Hari berikutnya, tanggal 28 sekitar pukul 13.15 WIB saya menerima pesan whatsapp dari nomor yang tidak tercatat di daftar kontak. Isi pesannya cukup baik dan kekinian, berjudul “5 Tips dan Trik Agar Anak Tidak Mudah Bosan dengan Pembelajaran Daring”. Tanpa membaca isi pesan itu langsung saya telusuri identitas pengirim pesan tersebut, dan pada gambar profilnya tertulis “~Fake Wa”. Berdasarkan kejadian hari sebelumnya dan sedikit ingatan tentang kata “fake” yang mengandung arti “negatif”, tanpa pikir panjang langsung saya klik kata “block” yang tertera di bagian bawah pesan.

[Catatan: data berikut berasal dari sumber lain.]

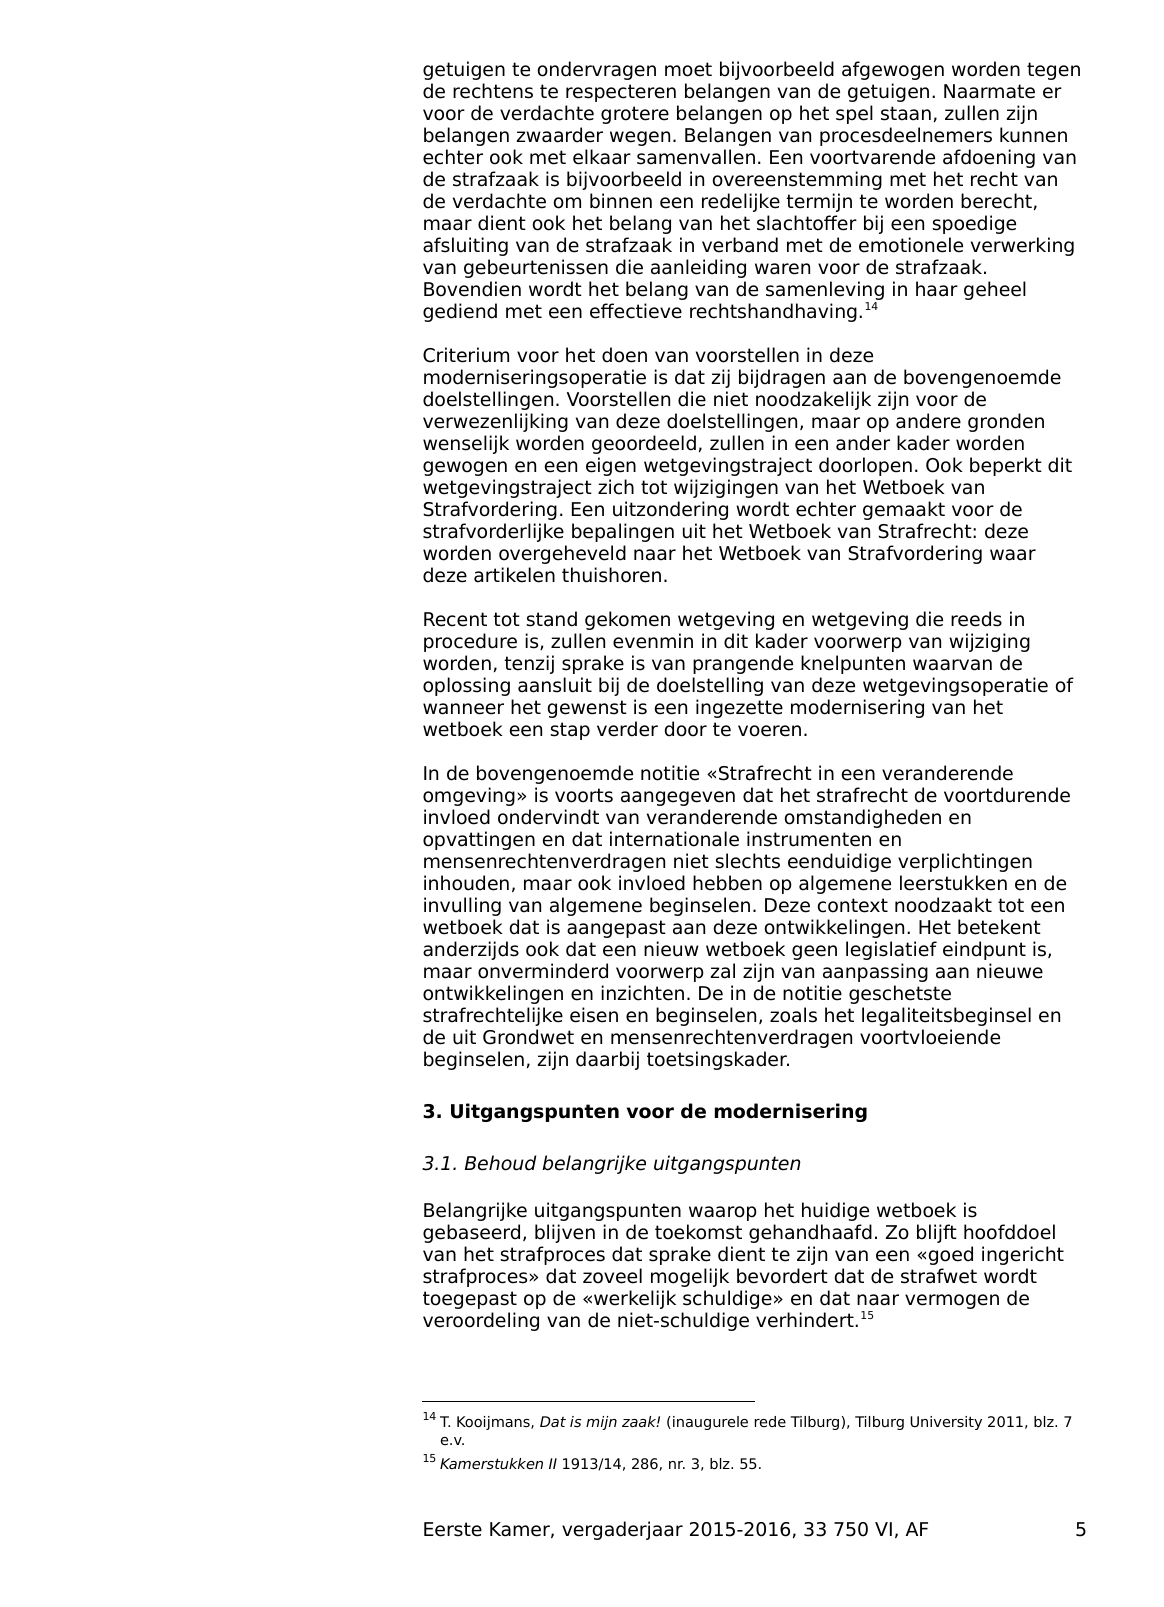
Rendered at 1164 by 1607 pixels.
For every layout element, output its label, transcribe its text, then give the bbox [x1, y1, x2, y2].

text getuigen te ondervragen moet bijvoorbeeld afgewogen worden tegen de rechtens te respecteren belangen van de getuigen. Naarmate er voor de verdachte grotere belangen op het spel staan, zullen zijn belangen zwaarder wegen. Belangen van procesdeelnemers kunnen echter ook met elkaar samenvallen. Een voortvarende afdoening van de strafzaak is bijvoorbeeld in overeenstemming met het recht van de verdachte om binnen een redelijke termijn te worden berecht, maar dient ook het belang van het slachtoffer bij een spoedige afsluiting van de strafzaak in verband met de emotionele verwerking van gebeurtenissen die aanleiding waren voor de strafzaak. Bovendien wordt het belang van de samenleving in haar geheel gediend met een effectieve rechtshandhaving. [422, 59, 1087, 323]
text Recent tot stand gekomen wetgeving en wetgeving die reeds in procedure is, zullen evenmin in dit kader voorwerp van wijziging worden, tenzij sprake is van prangende knelpunten waarvan de oplossing aansluit bij de doelstelling van deze wetgevingsoperatie of wanneer het gewenst is een ingezette modernisering van het wetboek een stap verder door te voeren. [422, 609, 1087, 741]
subtitle 3. Uitgangspunten voor de modernisering [422, 1101, 1087, 1123]
subtitle 3.1. Behoud belangrijke uitgangspunten [422, 1153, 1087, 1175]
text Belangrijke uitgangspunten waarop het huidige wetboek is gebaseerd, blijven in de toekomst gehandhaafd. Zo blijft hoofddoel van het strafproces dat sprake dient te zijn van een «goed ingericht strafproces» dat zoveel mogelijk bevordert dat de strafwet wordt toegepast op de «werkelijk schuldige» en dat naar vermogen de veroordeling van de niet-schuldige verhindert. [422, 1200, 1087, 1332]
text T. Kooijmans, Dat is mijn zaak! (inaugurele rede Tilburg), Tilburg University 2011, blz. 7 e.v. [422, 1410, 1087, 1449]
text Kamerstukken II 1913/14, 286, nr. 3, blz. 55. [422, 1452, 1087, 1474]
text Criterium voor het doen van voorstellen in deze moderniseringsoperatie is dat zij bijdragen aan de bovengenoemde doelstellingen. Voorstellen die niet noodzakelijk zijn voor de verwezenlijking van deze doelstellingen, maar op andere gronden wenselijk worden geoordeeld, zullen in een ander kader worden gewogen en een eigen wetgevingstraject doorlopen. Ook beperkt dit wetgevingstraject zich tot wijzigingen van het Wetboek van Strafvordering. Een uitzondering wordt echter gemaakt voor de strafvorderlijke bepalingen uit het Wetboek van Strafrecht: deze worden overgeheveld naar het Wetboek van Strafvordering waar deze artikelen thuishoren. [422, 345, 1087, 587]
text In de bovengenoemde notitie «Strafrecht in een veranderende omgeving» is voorts aangegeven dat het strafrecht de voortdurende invloed ondervindt van veranderende omstandigheden en opvattingen en dat internationale instrumenten en mensenrechtenverdragen niet slechts eenduidige verplichtingen inhouden, maar ook invloed hebben op algemene leerstukken en de invulling van algemene beginselen. Deze context noodzaakt tot een wetboek dat is aangepast aan deze ontwikkelingen. Het betekent anderzijds ook dat een nieuw wetboek geen legislatief eindpunt is, maar onverminderd voorwerp zal zijn van aanpassing aan nieuwe ontwikkelingen en inzichten. De in de notitie geschetste strafrechtelijke eisen en beginselen, zoals het legaliteitsbeginsel en de uit Grondwet en mensenrechtenverdragen voortvloeiende beginselen, zijn daarbij toetsingskader. [422, 763, 1087, 1071]
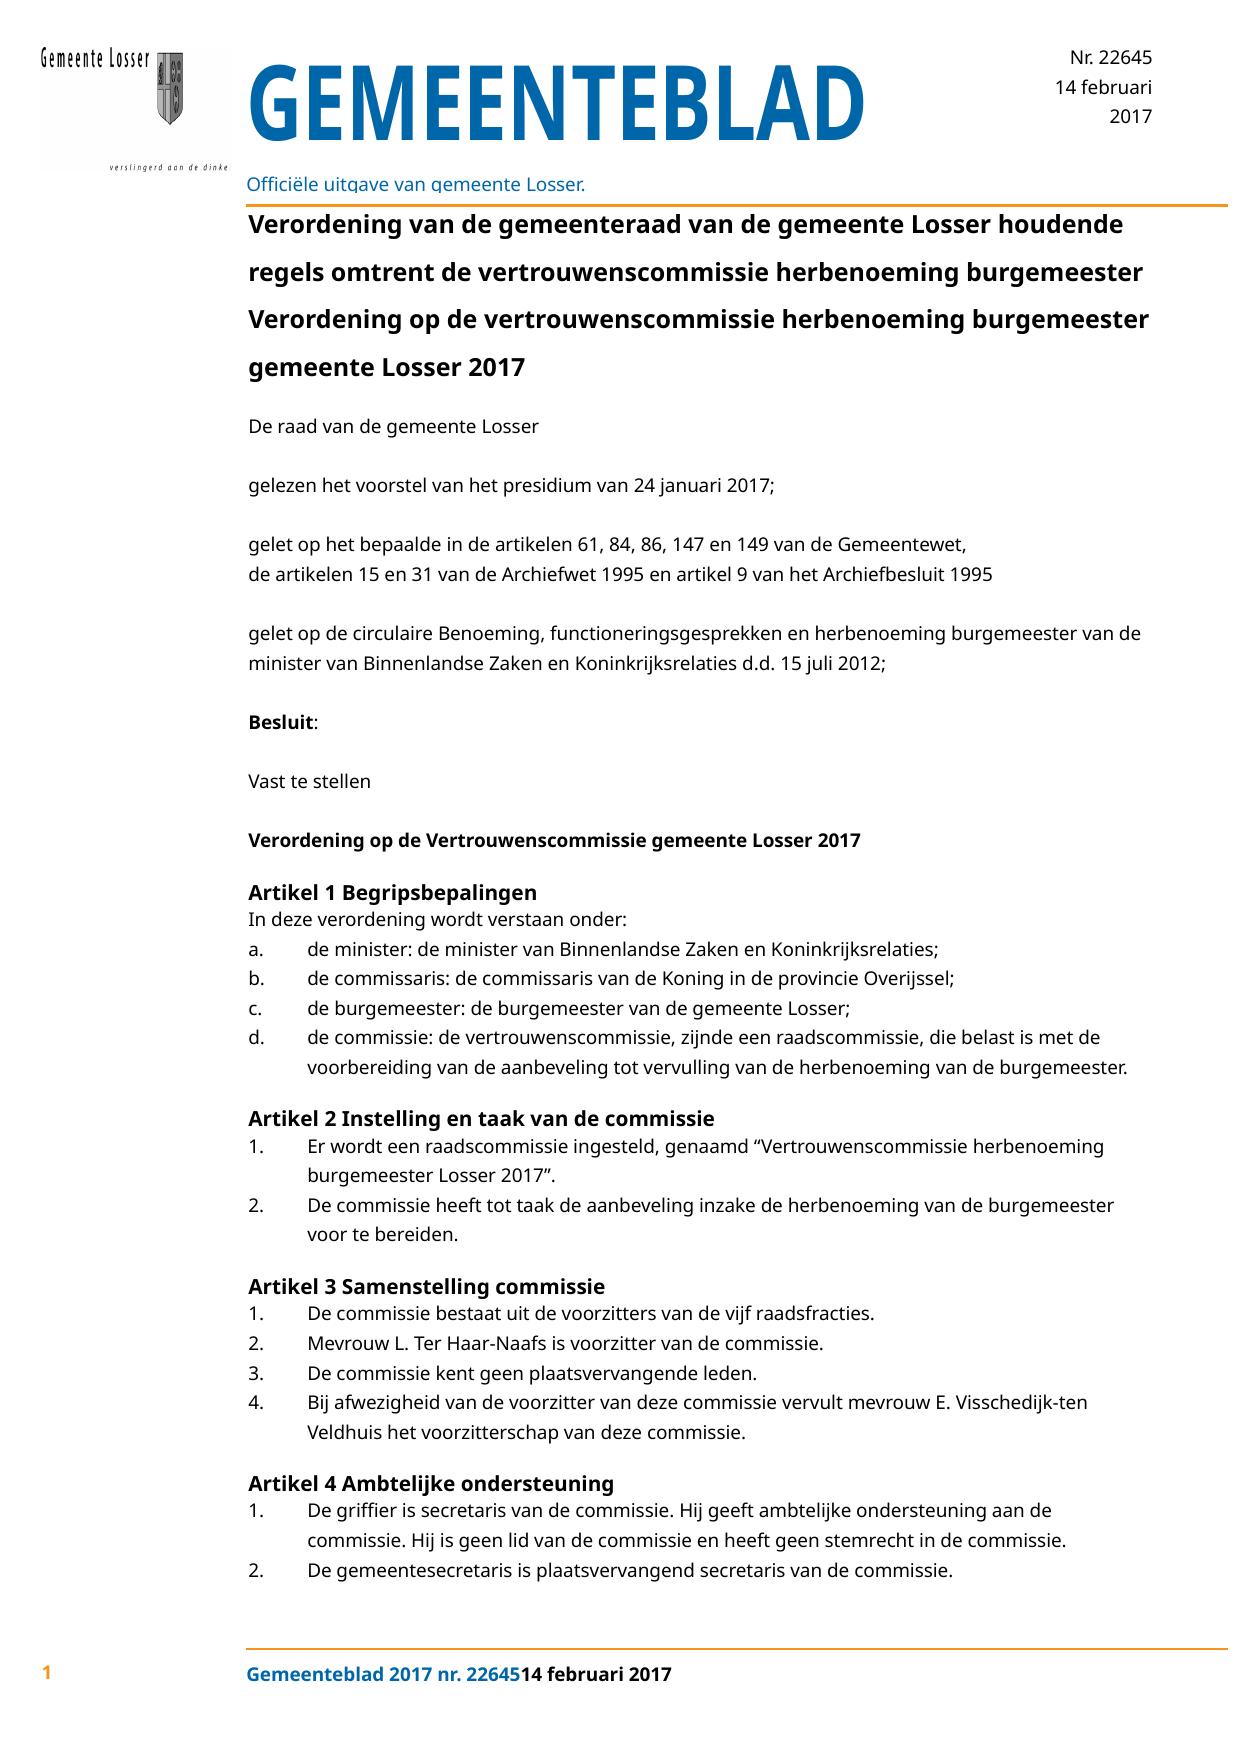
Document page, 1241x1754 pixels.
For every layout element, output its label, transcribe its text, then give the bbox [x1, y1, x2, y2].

text Artikel 4 Ambtelijke ondersteuning [248, 1469, 1152, 1498]
text In deze verordening wordt verstaan onder: [248, 906, 1152, 932]
list Mevrouw L. Ter Haar-Naafs is voorzitter van de commissie. [248, 1330, 1152, 1356]
text gelezen het voorstel van het presidium van 24 januari 2017; [248, 472, 1152, 498]
list de commissaris: de commissaris van de Koning in de provincie Overijssel; [248, 965, 1152, 991]
list De commissie heeft tot taak de aanbeveling inzake de herbenoeming van de burgemeester voor te bereiden. [248, 1192, 1152, 1247]
list De commissie kent geen plaatsvervangende leden. [248, 1360, 1152, 1385]
list Er wordt een raadscommissie ingesteld, genaamd “Vertrouwenscommissie herbenoeming burgemeester Losser 2017”. [248, 1133, 1152, 1188]
list de minister: de minister van Binnenlandse Zaken en Koninkrijksrelaties; [248, 936, 1152, 961]
text gelet op de circulaire Benoeming, functioneringsgesprekken en herbenoeming burgemeester van de minister van Binnenlandse Zaken en Koninkrijksrelaties d.d. 15 juli 2012; [248, 620, 1152, 676]
list De gemeentesecretaris is plaatsvervangend secretaris van de commissie. [248, 1557, 1152, 1583]
text de artikelen 15 en 31 van de Archiefwet 1995 en artikel 9 van het Archiefbesluit 1995 [248, 561, 1152, 587]
text Verordening op de Vertrouwenscommissie gemeente Losser 2017 [248, 827, 1152, 853]
text Artikel 2 Instelling en taak van de commissie [248, 1104, 1152, 1133]
text gelet op het bepaalde in de artikelen 61, 84, 86, 147 en 149 van de Gemeentewet, [248, 531, 1152, 557]
picture [41, 47, 231, 172]
list de commissie: de vertrouwenscommissie, zijnde een raadscommissie, die belast is met de voorbereiding van de aanbeveling tot vervulling van de herbenoeming van de burgemeester. [248, 1024, 1152, 1080]
text Artikel 1 Begripsbepalingen [248, 878, 1152, 906]
text Besluit: [248, 709, 1152, 735]
text Artikel 3 Samenstelling commissie [248, 1272, 1152, 1301]
list Bij afwezigheid van de voorzitter van deze commissie vervult mevrouw E. Visschedijk-ten Veldhuis het voorzitterschap van deze commissie. [248, 1389, 1152, 1444]
text Verordening van de gemeenteraad van de gemeente Losser houdende regels omtrent de vertrouwenscommissie herbenoeming burgemeester Verordening op de vertrouwenscommissie herbenoeming burgemeester gemeente Losser 2017 [248, 207, 1152, 384]
list De commissie bestaat uit de voorzitters van de vijf raadsfracties. [248, 1301, 1152, 1326]
text De raad van de gemeente Losser [248, 413, 1152, 439]
text Vast te stellen [248, 768, 1152, 794]
list de burgemeester: de burgemeester van de gemeente Losser; [248, 995, 1152, 1021]
list De griffier is secretaris van de commissie. Hij geeft ambtelijke ondersteuning aan de commissie. Hij is geen lid van de commissie en heeft geen stemrecht in de commissie. [248, 1498, 1152, 1553]
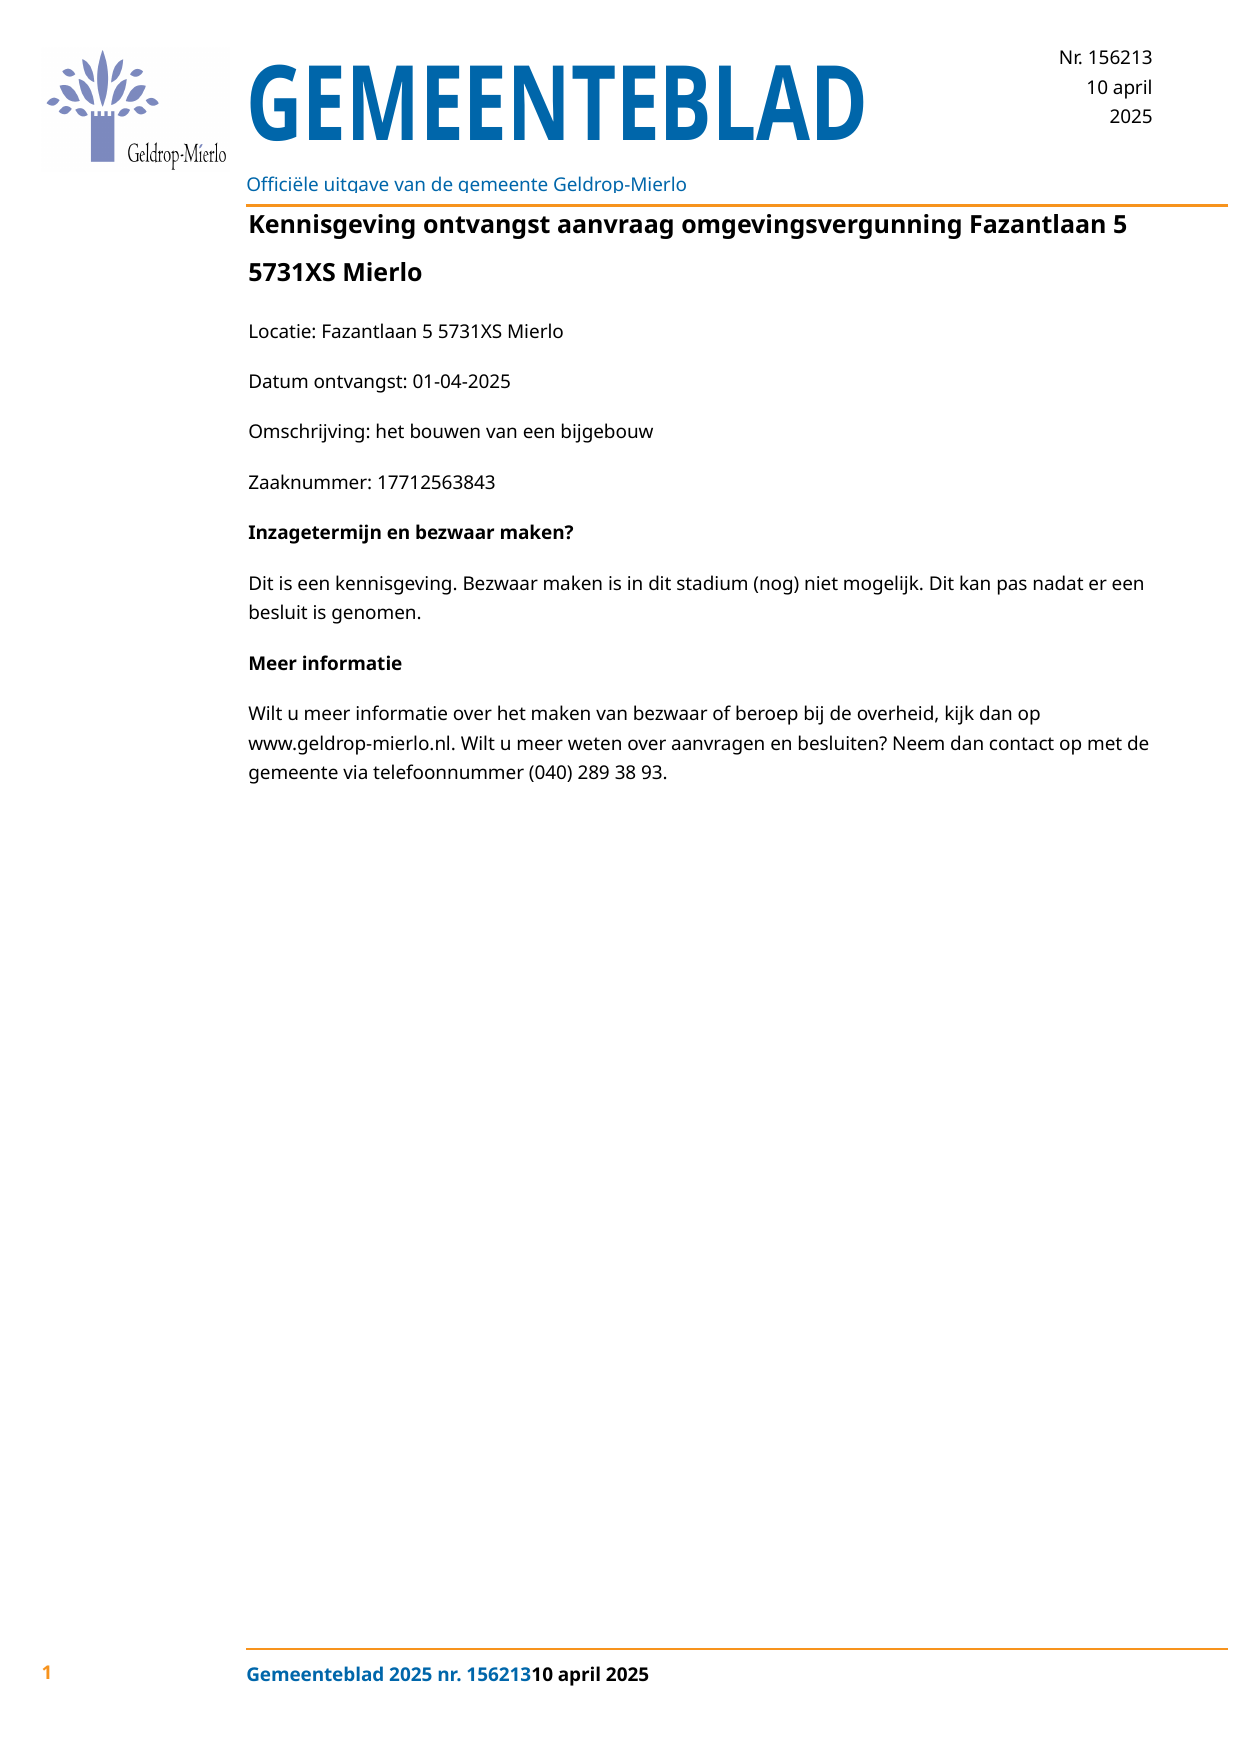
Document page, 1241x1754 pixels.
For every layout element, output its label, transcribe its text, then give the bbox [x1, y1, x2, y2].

text Omschrijving: het bouwen van een bijgebouw [248, 419, 1152, 444]
text Kennisgeving ontvangst aanvraag omgevingsvergunning Fazantlaan 5 5731XS Mierlo [248, 207, 1152, 288]
text Zaaknummer: 17712563843 [248, 469, 1152, 495]
text Inzagetermijn en bezwaar maken? [248, 519, 1152, 545]
picture [41, 47, 231, 172]
text Locatie: Fazantlaan 5 5731XS Mierlo [248, 318, 1152, 344]
text Wilt u meer informatie over het maken van bezwaar of beroep bij de overheid, kijk dan op www.geldrop-mierlo.nl. Wilt u meer weten over aanvragen en besluiten? Neem dan contact op met de gemeente via telefoonnummer (040) 289 38 93. [248, 700, 1152, 785]
text Datum ontvangst: 01-04-2025 [248, 368, 1152, 394]
text Meer informatie [248, 650, 1152, 676]
text Dit is een kennisgeving. Bezwaar maken is in dit stadium (nog) niet mogelijk. Dit kan pas nadat er een besluit is genomen. [248, 570, 1152, 625]

Sehari kemudian kembali saya menerima lagi pesan whatsapp dari akun yang juga tidak tercatat di daftar kontak saya. Kali ini isi pesannya tidak berjudul dan berisi ajakan untuk mencari penghasilan jutaan rupiah dalam waktu kurang dari 24 jam. Seperti respon terhadap pesan sebelumnya, segera saya telusuri identitas pengirim melalui profilnya. Tidak saya temukan gambar profil dan nama, kecuali identitas nama yang tertera sama dengan nomor pengirim. Beberapa saat kemudian pun saya klik kata “block” yang tertera di bagian bawah pesan, sama seperti yang saya lakukan terhadap pengirim pesan hari sebelumnya.
Tindakan blokir pada kasus di atas hampir sama latar belakangnya, yaitu sebagai tindakan untuk mencegah terjadinya hal-hal yang tidak diinginkan. Pada kasus pertama, tindakan blokir lebih untuk mencegah terjadinya korban penipuan yang mengatasnamakan orang yang kita kenal. Adapun kasus kedua dan ketiga lebih cenderung sebagai upaya untuk menghindari hal-hal negatif yang mungkin akan terjadi terhadap diri kita dari orang-orang yang tidak kita kenal dan menyembunyikan identitasnya. Pada intinya, tindakan memblokir dalam kasus ini berarti sebuah tindakan menutup akses seseorang terhadap informasi yang kita miliki.
Dalam konteks yang lebih luas sebenarnya tindakan blokir ini tidak saja berkaitan dengan perangkat teknologi seperti pada kasus di atas. Saya dan mungkin juga Anda semua pasti sering melakukan tindakan tersebut dalam konteks yang lain. Tindakan kita di era adaptasi kebiasaan baru, seperti menggunakan masker, sering mencuci tangan dengan sabun, menjaga jarak, dan menghindari kerumunan masa pada hakikatnya merupakan sebuah tindakan pemblokiran. Dalam hal ini untuk memblokir, mencegah atau menghentikan penyebaran covid-19 yang dikenal sangat mudah penyebarannya.
Dalam konteks belajar menulis seperti yang sedang saya, dan mungkin juga Anda lakukan pun diperlukan tindakan-tindakan blokir ini. Tidak jarang pikiran tentang kesibukan kita menggoda untuk tidak melakukan sesuatu yang sudah kita tetapkan. “Saat ini kan masih sibuk, besok saja” begitu sering terlintas dalam pikiran kita. Hal inilah yang harus kita blokir, jangan sampai masuk dan singgah lama dalam pikiran kita.
Hal lain yang harus kita blokir dalam belajar menulis ini adalah sikap “tidak GOBLOK”. Seperti saya dan juga Anda dan kebanyakan orang yang sedang belajar hal ini, sering sekali muncul pikiran tidak percaya diri, takut jelek, takut dikritik, dan perasaan takut atau kawatir yang lainnya. Merujuk pendapat Syahrul dalam tulisannya “GOBLOK pun Bisa Menulis”, sikap-sikap seperti itulah yang dinamakan “tidak GOBLOK”. Jika hal tersebut dibiarkan, tentu sampai kapan pun kita tidak akan berani belajar menulis, dan dengan demikian kecil peluangnya untuk menjadi bisa menulis.
Masih sangat banyak kasus yang berkaitan dengan tindakan blokir ini dalam konteks yang lebih luas daripada beberapa contoh kasus blokir di awal tulisan ini. Tulisan ini saya buat pun dalam upaya melakukan tindakan pemblokiran terhadap pikiran-pikiran negatif yang menjadikan “tidak GOBLOK”, sehingga menjadi malas untuk terus belajar. Dalam konteks belajar yang lebih luas pun sering muncul sikap-sikap negatif yang menghambat diri sendiri untuk melakukan upaya-upaya tertentu dalam meraih tujuan. Dalam kondisi seperti ini, tindakan blokir harus kita lakukan untuk menghilangkan sikap-sikap negatif yang berpotensi menjadi penghambat tersebut.